> **Task description**
Go through the entries below and collect each line with the string "cuboid" in it.

> **Dataset extract**
***

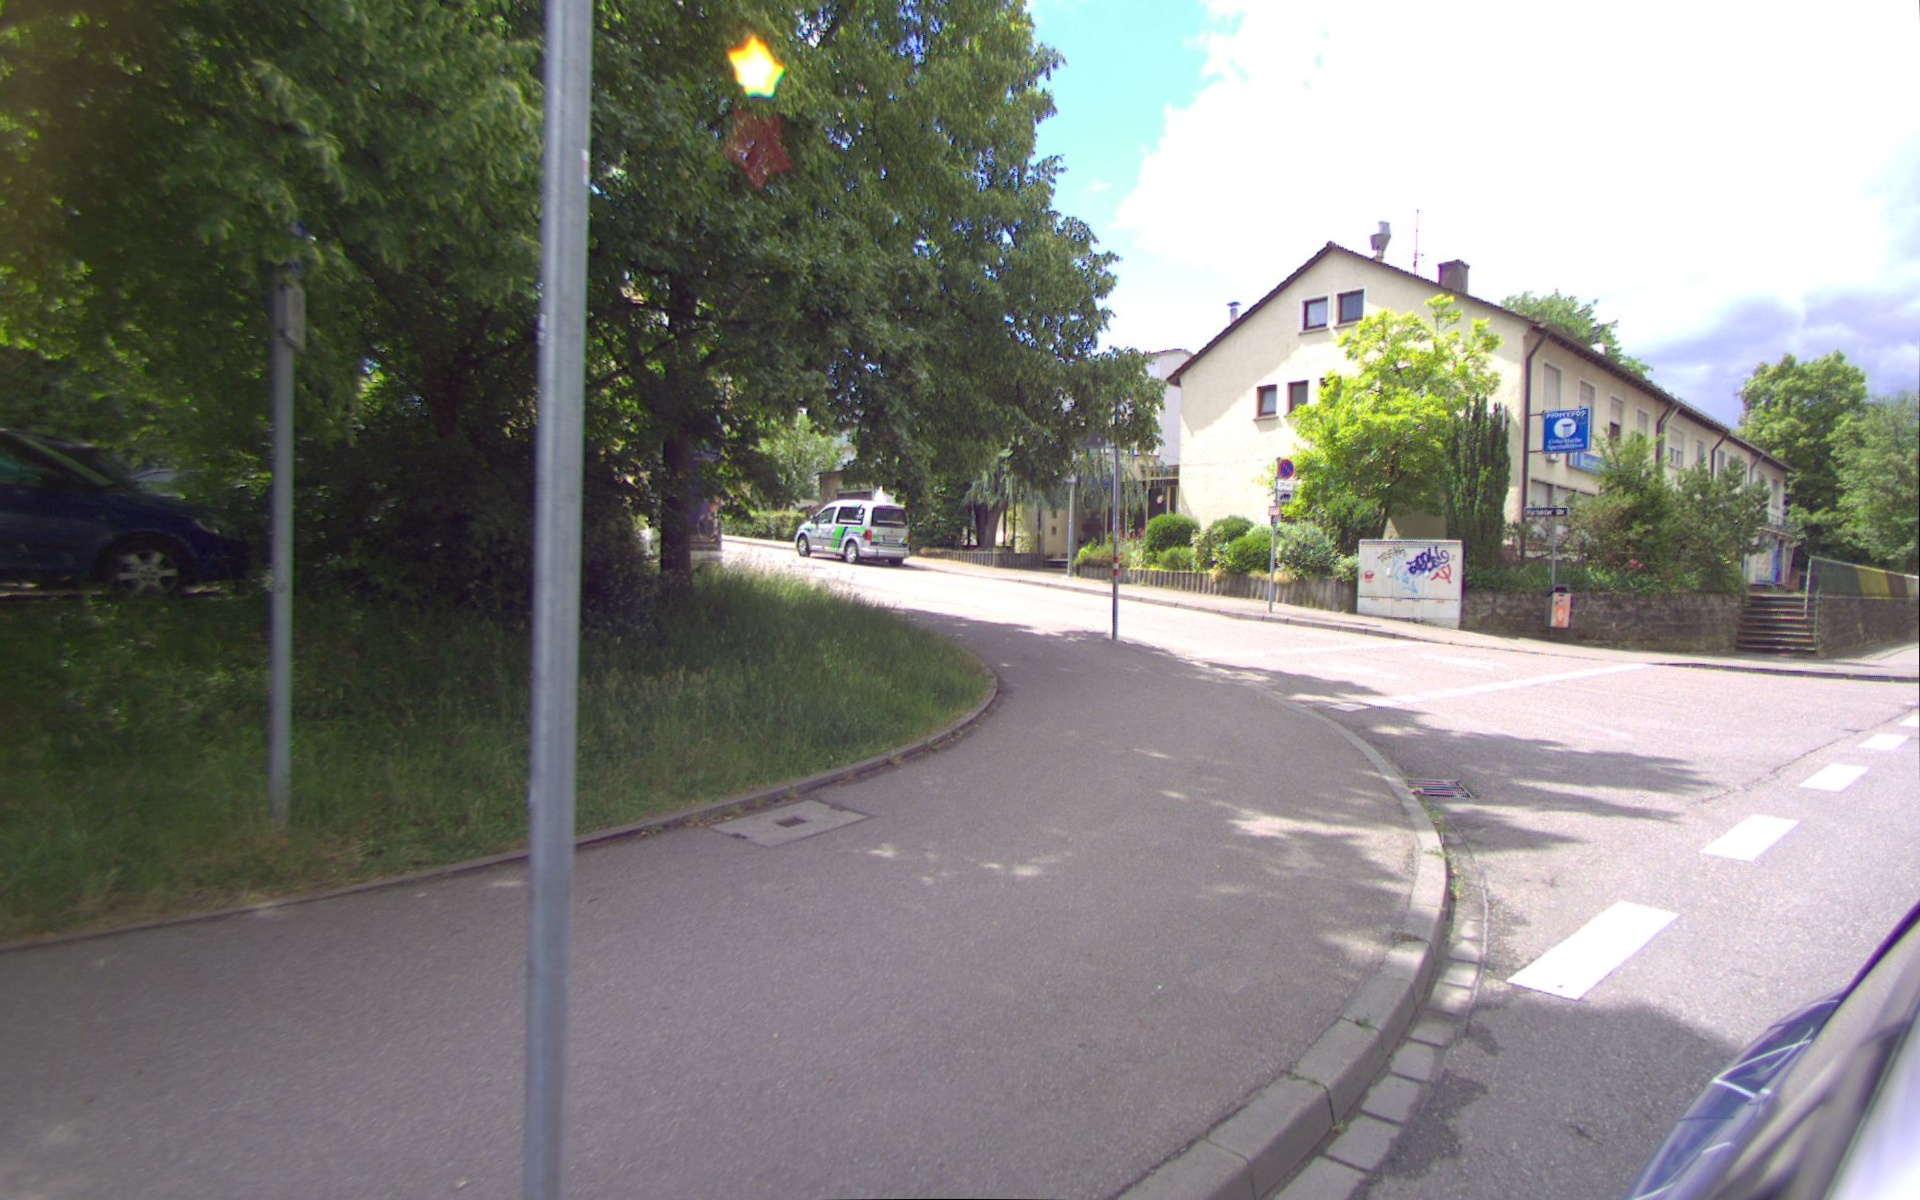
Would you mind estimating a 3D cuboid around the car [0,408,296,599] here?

***

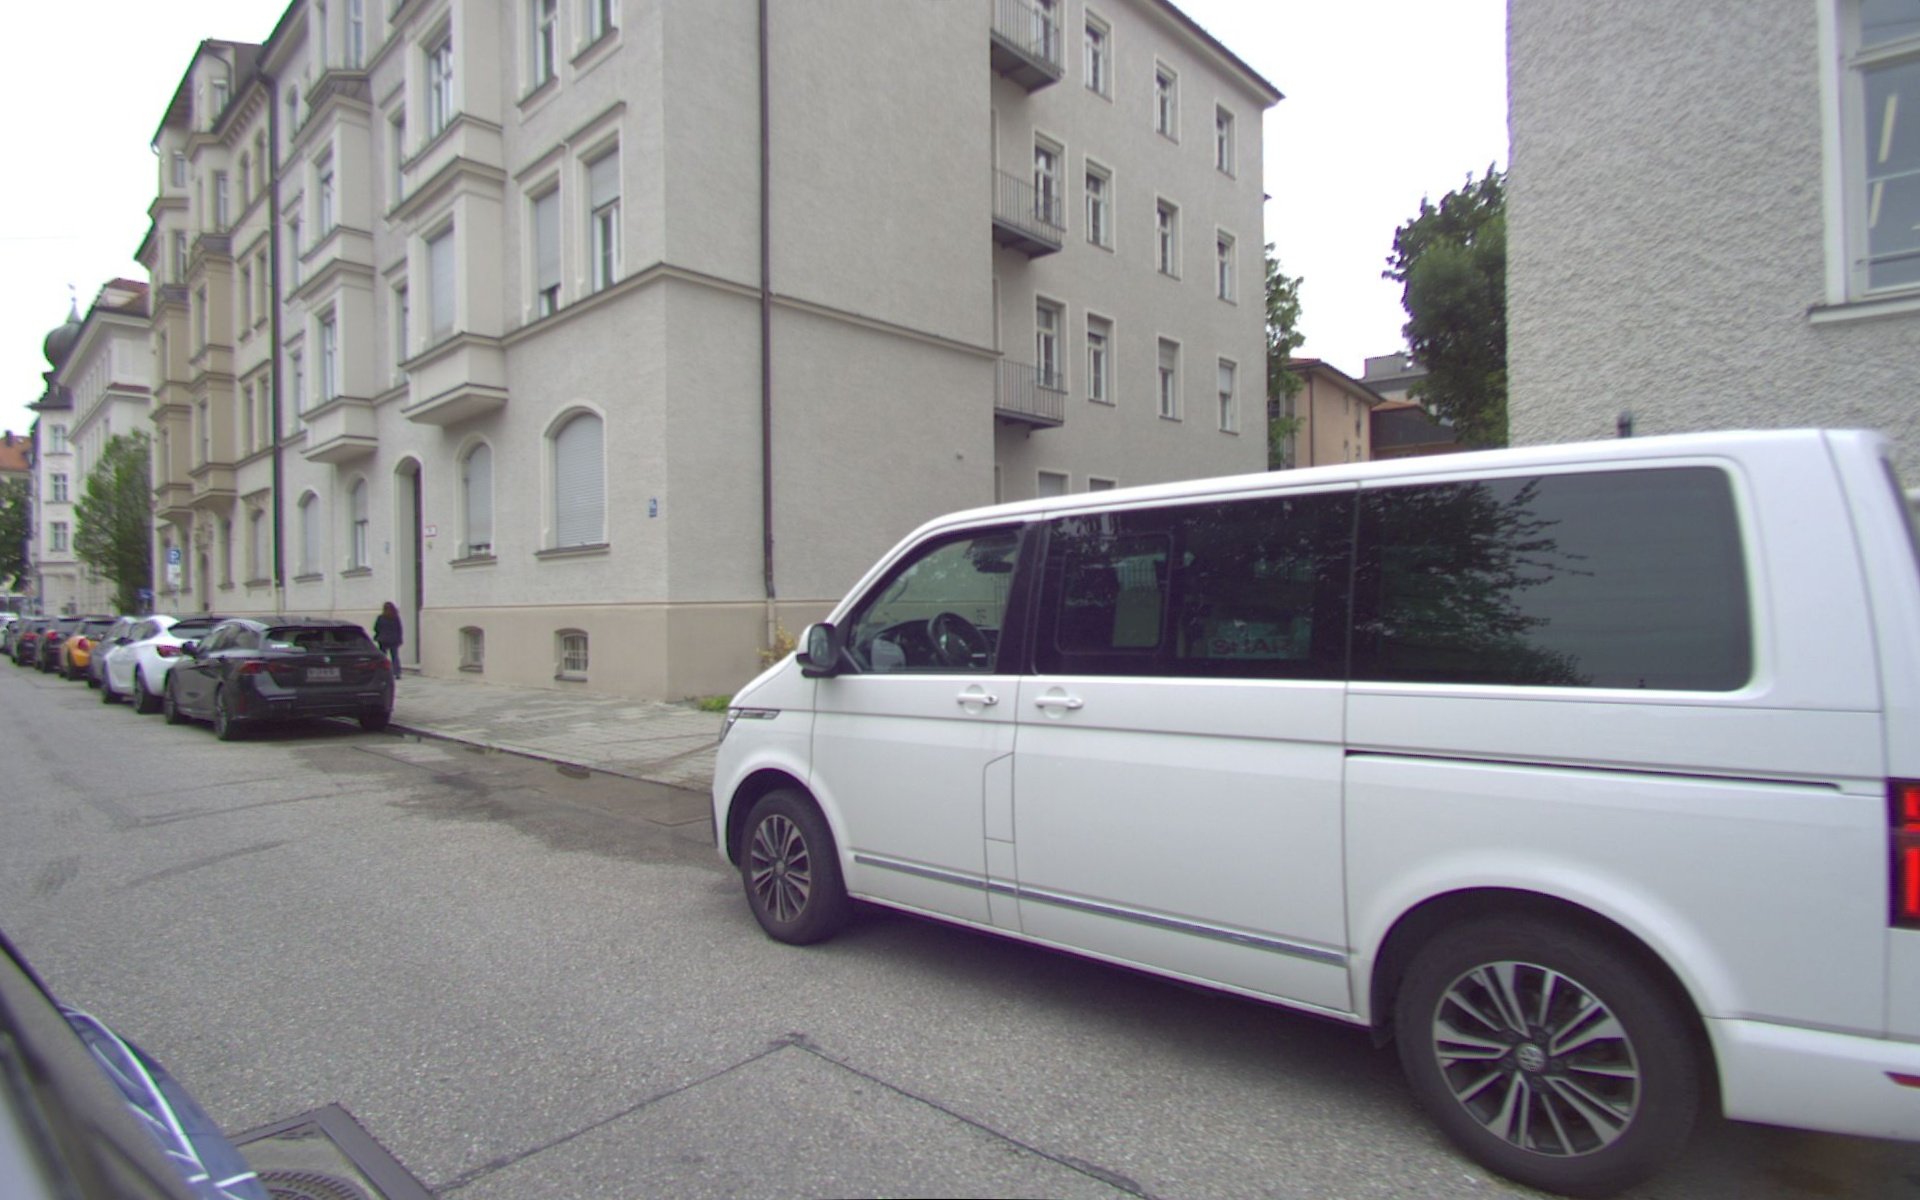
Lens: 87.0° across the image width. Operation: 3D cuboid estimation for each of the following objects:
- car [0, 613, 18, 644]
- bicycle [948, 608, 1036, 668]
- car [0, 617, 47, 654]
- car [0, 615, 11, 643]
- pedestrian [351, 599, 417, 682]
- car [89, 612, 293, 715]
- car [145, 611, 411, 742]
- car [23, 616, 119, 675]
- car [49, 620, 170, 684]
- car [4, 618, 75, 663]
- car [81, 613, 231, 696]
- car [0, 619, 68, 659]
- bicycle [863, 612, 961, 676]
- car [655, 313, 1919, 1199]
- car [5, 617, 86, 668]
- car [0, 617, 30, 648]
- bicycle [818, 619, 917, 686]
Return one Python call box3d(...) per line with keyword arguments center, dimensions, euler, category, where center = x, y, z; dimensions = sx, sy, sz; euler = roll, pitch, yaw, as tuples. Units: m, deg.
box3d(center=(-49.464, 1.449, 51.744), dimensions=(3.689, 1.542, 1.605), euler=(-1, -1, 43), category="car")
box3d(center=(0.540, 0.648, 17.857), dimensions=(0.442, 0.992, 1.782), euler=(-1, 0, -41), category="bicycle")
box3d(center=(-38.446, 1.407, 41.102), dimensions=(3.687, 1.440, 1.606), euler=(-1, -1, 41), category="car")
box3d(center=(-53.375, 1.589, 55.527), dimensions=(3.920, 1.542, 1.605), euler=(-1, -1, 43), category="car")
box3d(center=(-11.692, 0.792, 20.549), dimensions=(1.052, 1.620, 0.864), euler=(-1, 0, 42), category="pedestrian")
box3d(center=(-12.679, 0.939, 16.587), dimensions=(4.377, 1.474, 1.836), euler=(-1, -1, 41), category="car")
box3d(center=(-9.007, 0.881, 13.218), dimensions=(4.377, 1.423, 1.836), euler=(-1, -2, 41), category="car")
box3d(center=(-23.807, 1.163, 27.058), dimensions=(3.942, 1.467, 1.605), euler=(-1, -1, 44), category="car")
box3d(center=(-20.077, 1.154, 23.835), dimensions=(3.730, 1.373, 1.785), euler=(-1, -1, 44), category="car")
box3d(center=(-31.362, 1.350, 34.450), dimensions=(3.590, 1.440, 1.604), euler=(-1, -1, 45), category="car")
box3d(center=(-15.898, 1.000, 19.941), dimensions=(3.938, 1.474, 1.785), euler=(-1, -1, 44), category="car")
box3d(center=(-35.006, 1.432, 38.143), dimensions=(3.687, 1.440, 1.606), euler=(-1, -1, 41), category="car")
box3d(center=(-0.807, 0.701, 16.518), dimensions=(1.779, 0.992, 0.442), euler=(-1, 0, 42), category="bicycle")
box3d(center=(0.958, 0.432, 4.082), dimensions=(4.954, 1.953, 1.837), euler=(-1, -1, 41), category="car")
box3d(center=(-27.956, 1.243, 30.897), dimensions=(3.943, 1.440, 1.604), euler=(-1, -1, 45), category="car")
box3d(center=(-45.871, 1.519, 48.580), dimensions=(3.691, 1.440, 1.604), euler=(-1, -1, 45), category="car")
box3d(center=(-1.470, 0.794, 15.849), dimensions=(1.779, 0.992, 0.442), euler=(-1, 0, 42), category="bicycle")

***

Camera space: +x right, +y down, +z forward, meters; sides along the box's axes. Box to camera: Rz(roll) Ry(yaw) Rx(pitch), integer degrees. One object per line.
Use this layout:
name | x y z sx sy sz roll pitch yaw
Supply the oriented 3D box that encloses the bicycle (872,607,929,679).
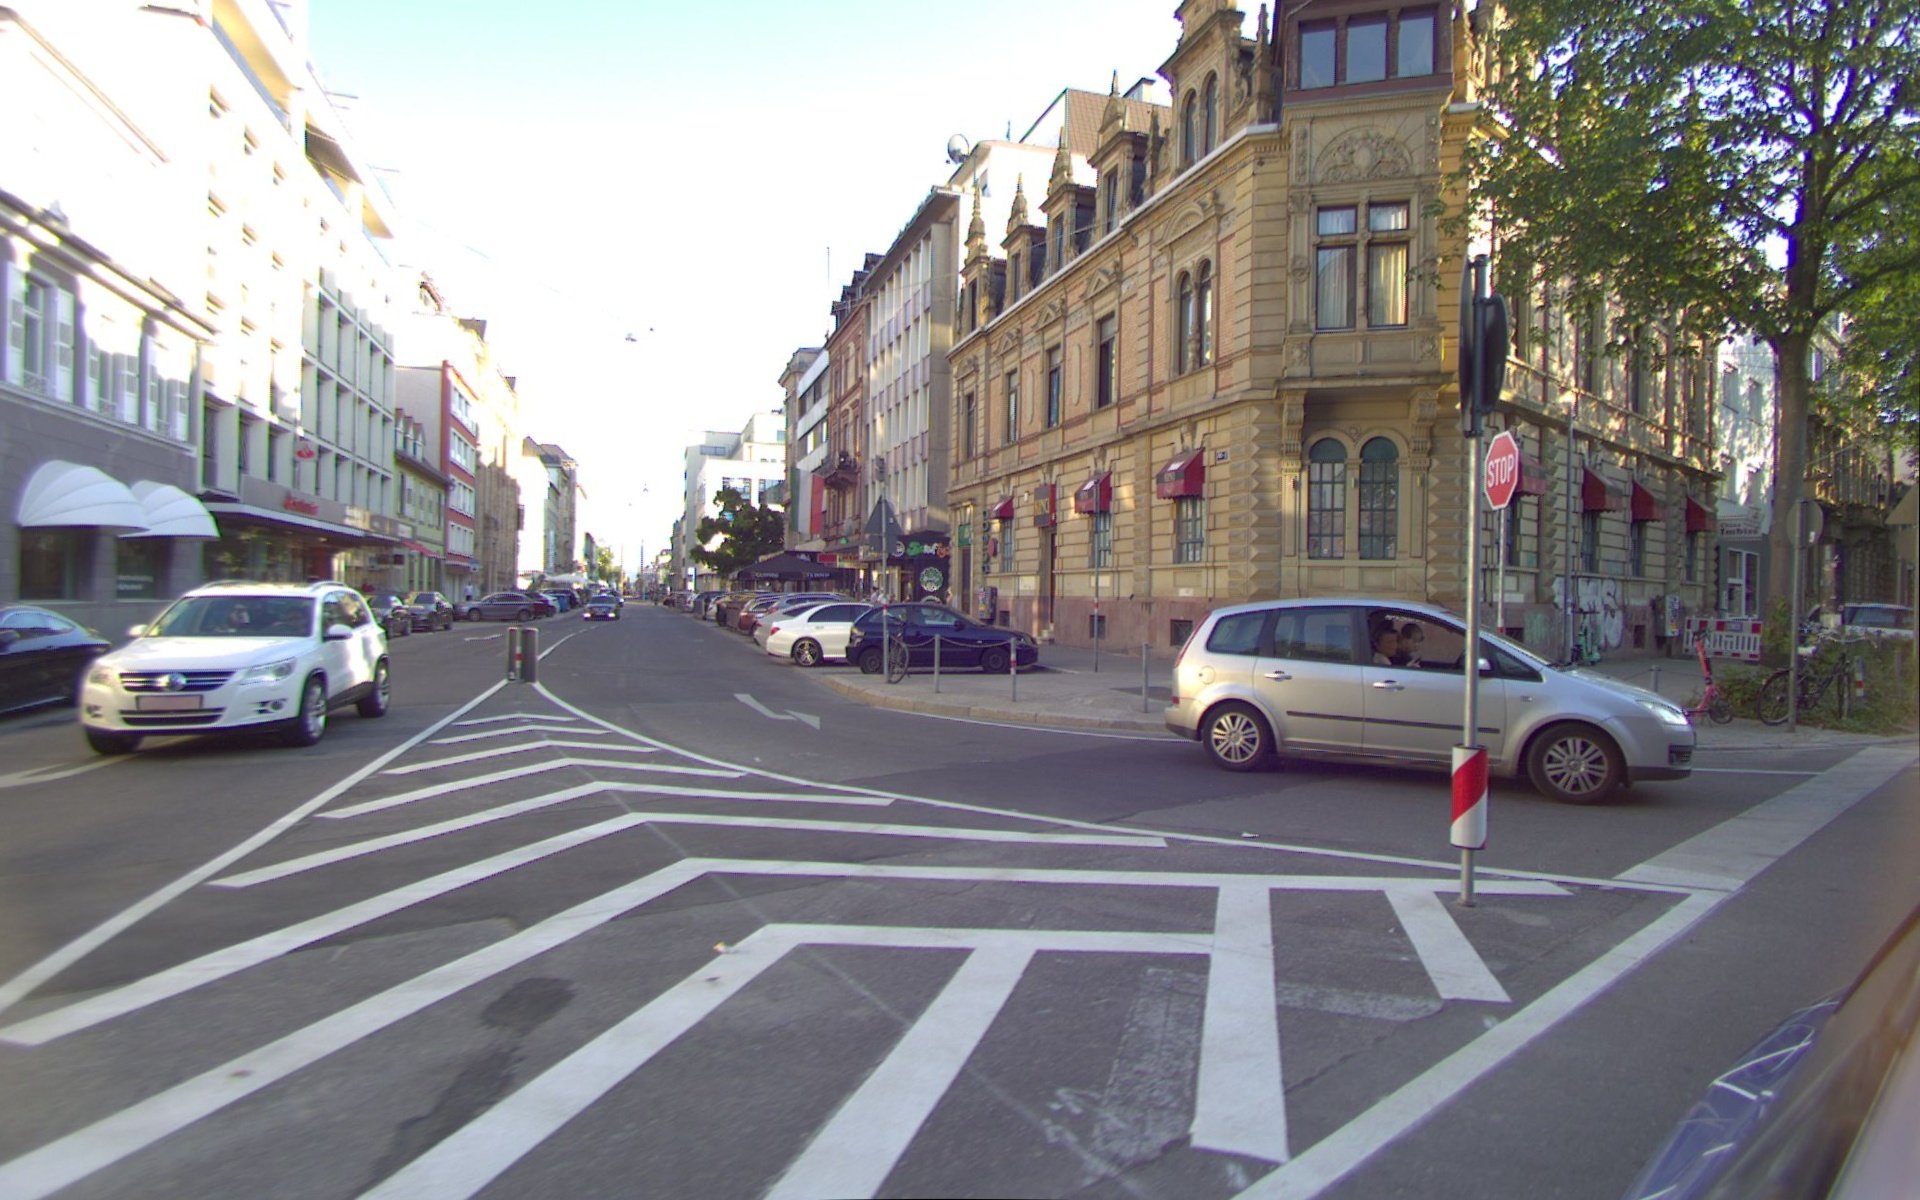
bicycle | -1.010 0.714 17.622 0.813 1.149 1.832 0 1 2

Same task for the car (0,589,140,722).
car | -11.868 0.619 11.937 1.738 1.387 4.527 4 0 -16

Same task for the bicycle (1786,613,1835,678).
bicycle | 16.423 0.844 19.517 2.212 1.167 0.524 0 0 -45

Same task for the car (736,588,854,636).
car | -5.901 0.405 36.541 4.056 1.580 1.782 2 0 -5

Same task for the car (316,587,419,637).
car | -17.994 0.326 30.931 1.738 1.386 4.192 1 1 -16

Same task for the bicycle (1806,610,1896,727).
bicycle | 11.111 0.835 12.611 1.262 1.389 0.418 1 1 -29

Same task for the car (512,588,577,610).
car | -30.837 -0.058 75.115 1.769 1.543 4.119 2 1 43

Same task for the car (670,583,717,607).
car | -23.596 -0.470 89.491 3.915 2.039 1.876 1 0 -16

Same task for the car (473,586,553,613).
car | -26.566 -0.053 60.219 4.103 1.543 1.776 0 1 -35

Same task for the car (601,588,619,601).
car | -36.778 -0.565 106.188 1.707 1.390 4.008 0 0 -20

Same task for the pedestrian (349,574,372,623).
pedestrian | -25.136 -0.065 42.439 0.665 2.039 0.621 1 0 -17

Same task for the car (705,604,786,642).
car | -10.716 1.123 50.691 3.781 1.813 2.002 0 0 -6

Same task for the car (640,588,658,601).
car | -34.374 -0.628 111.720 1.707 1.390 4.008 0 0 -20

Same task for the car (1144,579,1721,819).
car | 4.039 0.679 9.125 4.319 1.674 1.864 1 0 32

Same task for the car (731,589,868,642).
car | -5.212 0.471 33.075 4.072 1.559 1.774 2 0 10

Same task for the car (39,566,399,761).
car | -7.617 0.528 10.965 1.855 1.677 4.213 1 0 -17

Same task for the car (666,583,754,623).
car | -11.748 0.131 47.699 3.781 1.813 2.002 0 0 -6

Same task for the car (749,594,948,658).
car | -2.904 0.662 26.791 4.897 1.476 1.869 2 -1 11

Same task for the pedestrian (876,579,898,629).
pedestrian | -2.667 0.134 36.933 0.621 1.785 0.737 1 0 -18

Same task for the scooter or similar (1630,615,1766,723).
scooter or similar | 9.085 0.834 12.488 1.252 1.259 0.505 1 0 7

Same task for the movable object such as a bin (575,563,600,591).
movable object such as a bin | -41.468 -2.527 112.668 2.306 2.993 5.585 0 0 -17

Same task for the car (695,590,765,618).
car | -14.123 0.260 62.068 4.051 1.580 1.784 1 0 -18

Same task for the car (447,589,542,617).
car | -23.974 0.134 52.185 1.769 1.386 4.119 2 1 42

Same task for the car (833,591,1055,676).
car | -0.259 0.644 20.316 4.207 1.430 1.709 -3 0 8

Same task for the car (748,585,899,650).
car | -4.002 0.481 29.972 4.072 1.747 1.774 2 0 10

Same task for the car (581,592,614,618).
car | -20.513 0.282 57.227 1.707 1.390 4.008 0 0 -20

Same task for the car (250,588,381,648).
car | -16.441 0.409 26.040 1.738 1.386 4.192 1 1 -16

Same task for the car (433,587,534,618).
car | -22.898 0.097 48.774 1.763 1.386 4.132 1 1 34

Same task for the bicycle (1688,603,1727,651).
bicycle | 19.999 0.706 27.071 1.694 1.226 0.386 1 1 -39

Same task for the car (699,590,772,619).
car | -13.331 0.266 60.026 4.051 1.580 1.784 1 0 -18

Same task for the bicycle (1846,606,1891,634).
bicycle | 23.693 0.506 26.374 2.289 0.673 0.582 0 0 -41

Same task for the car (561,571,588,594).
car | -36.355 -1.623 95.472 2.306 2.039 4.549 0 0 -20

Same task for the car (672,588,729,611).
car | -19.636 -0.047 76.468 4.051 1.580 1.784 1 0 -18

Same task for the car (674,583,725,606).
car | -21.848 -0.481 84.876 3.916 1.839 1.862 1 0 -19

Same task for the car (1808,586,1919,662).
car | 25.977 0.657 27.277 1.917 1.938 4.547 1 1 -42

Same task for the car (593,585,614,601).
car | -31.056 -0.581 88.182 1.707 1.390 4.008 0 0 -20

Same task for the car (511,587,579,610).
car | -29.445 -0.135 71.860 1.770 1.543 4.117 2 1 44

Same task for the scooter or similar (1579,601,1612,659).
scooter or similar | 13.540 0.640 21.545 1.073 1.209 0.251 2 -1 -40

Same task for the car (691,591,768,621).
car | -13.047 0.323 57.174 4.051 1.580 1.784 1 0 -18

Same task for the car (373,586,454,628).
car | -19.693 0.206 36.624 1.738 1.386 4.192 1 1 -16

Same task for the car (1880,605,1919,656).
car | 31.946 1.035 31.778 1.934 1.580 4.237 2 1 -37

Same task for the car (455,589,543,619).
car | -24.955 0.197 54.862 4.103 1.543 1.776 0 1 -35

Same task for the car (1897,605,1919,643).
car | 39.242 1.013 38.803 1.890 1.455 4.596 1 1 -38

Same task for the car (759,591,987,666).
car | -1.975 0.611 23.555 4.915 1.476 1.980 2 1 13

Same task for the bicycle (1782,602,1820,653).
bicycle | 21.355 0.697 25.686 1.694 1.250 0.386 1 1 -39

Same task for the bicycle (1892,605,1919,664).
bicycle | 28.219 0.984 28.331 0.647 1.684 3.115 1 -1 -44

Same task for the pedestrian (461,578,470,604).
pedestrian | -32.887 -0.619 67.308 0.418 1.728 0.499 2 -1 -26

***

> **Answer space**
Would you mind estimating a 3D cuboid around the car [0,408,296,599] here?
Lens: 87.0° across the image width. Operation: 3D cuboid estimation for each of the following objects:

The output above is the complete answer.